→ Problem to work on
Print every record below exactly as it stands.

→ Available records
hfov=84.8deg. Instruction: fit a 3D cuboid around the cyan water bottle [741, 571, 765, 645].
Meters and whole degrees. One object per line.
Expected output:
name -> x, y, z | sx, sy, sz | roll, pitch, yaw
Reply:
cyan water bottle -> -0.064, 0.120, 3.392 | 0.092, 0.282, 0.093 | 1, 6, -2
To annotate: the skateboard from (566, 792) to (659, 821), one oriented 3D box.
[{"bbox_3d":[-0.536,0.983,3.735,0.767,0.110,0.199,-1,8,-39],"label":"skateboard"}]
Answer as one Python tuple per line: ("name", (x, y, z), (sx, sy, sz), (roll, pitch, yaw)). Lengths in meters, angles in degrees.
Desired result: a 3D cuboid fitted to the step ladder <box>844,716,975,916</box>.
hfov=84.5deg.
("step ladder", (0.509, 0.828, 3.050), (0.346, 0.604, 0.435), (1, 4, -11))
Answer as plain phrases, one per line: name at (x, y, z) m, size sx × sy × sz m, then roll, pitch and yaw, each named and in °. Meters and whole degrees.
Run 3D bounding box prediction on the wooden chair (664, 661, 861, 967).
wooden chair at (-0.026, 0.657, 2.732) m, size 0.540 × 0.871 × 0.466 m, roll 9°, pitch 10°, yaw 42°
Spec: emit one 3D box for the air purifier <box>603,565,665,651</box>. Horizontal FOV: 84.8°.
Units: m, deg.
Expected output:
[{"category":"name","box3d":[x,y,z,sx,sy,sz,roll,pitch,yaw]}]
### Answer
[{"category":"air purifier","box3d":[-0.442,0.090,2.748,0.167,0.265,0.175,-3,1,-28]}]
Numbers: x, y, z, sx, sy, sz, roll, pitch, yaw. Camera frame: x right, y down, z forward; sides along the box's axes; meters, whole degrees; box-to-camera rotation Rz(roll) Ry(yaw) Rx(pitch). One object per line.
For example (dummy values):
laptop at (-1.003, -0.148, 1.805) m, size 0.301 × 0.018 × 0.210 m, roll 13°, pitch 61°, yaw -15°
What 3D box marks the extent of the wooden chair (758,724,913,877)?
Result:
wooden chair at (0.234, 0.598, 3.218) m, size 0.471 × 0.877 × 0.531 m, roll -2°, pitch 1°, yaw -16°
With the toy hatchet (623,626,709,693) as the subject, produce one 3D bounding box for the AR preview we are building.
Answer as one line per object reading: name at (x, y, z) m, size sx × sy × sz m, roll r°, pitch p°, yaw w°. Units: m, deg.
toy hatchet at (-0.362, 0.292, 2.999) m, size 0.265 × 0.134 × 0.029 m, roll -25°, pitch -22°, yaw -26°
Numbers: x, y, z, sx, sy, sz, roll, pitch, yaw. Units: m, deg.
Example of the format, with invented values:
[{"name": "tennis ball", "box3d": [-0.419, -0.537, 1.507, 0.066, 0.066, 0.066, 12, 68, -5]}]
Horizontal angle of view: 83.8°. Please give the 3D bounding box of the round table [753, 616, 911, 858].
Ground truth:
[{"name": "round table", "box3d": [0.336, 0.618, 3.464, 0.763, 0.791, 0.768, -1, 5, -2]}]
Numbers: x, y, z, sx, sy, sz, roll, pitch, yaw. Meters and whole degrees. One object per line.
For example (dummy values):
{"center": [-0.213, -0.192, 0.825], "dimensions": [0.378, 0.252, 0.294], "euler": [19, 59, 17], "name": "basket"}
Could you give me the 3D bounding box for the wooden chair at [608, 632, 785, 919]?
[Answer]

→ Reply
hfov=84.8deg. Instruction: fit a 3D cuboid around the cyan water bottle [741, 571, 765, 645].
Meters and whole degrees. One object per line.
Expected output:
name -> x, y, z | sx, sy, sz | roll, pitch, yaw
Reply:
cyan water bottle -> -0.064, 0.120, 3.392 | 0.092, 0.282, 0.093 | 1, 6, -2
To annotate: the skateboard from (566, 792) to (659, 821), one oriented 3D box.
[{"bbox_3d":[-0.536,0.983,3.735,0.767,0.110,0.199,-1,8,-39],"label":"skateboard"}]
Answer as one Python tuple per line: ("name", (x, y, z), (sx, sy, sz), (roll, pitch, yaw)). Lengths in meters, angles in degrees.
Desired result: a 3D cuboid fitted to the step ladder <box>844,716,975,916</box>.
hfov=84.5deg.
("step ladder", (0.509, 0.828, 3.050), (0.346, 0.604, 0.435), (1, 4, -11))
Answer as plain phrases, one per line: name at (x, y, z) m, size sx × sy × sz m, then roll, pitch and yaw, each named and in °. Meters and whole degrees.
Run 3D bounding box prediction on the wooden chair (664, 661, 861, 967).
wooden chair at (-0.026, 0.657, 2.732) m, size 0.540 × 0.871 × 0.466 m, roll 9°, pitch 10°, yaw 42°
Spec: emit one 3D box for the air purifier <box>603,565,665,651</box>. Horizontal FOV: 84.8°.
Units: m, deg.
Expected output:
[{"category":"name","box3d":[x,y,z,sx,sy,sz,roll,pitch,yaw]}]
### Answer
[{"category":"air purifier","box3d":[-0.442,0.090,2.748,0.167,0.265,0.175,-3,1,-28]}]
Numbers: x, y, z, sx, sy, sz, roll, pitch, yaw. Camera frame: x right, y down, z forward; sides along the box's axes; meters, whole degrees; box-to-camera rotation Rz(roll) Ry(yaw) Rx(pitch). One object per line.
For example (dummy values):
laptop at (-1.003, -0.148, 1.805) m, size 0.301 × 0.018 × 0.210 m, roll 13°, pitch 61°, yaw -15°
What 3D box marks the extent of the wooden chair (758,724,913,877)?
Result:
wooden chair at (0.234, 0.598, 3.218) m, size 0.471 × 0.877 × 0.531 m, roll -2°, pitch 1°, yaw -16°
With the toy hatchet (623,626,709,693) as the subject, produce one 3D bounding box for the AR preview we are building.
Answer as one line per object reading: name at (x, y, z) m, size sx × sy × sz m, roll r°, pitch p°, yaw w°. Units: m, deg.
toy hatchet at (-0.362, 0.292, 2.999) m, size 0.265 × 0.134 × 0.029 m, roll -25°, pitch -22°, yaw -26°
Numbers: x, y, z, sx, sy, sz, roll, pitch, yaw. Units: m, deg.
Example of the format, with invented values:
[{"name": "tennis ball", "box3d": [-0.419, -0.537, 1.507, 0.066, 0.066, 0.066, 12, 68, -5]}]
Horizontal angle of view: 83.8°. Please give the 3D bounding box of the round table [753, 616, 911, 858].
Ground truth:
[{"name": "round table", "box3d": [0.336, 0.618, 3.464, 0.763, 0.791, 0.768, -1, 5, -2]}]
Numbers: x, y, z, sx, sy, sz, roll, pitch, yaw. Meters and whole degrees. One object per line.
For example (dummy values):
{"center": [-0.213, -0.192, 0.825], "dimensions": [0.378, 0.252, 0.294], "euler": [19, 59, 17], "name": "basket"}
Could you give me the 3D bounding box for the wooden chair at [608, 632, 785, 919]?
[Answer]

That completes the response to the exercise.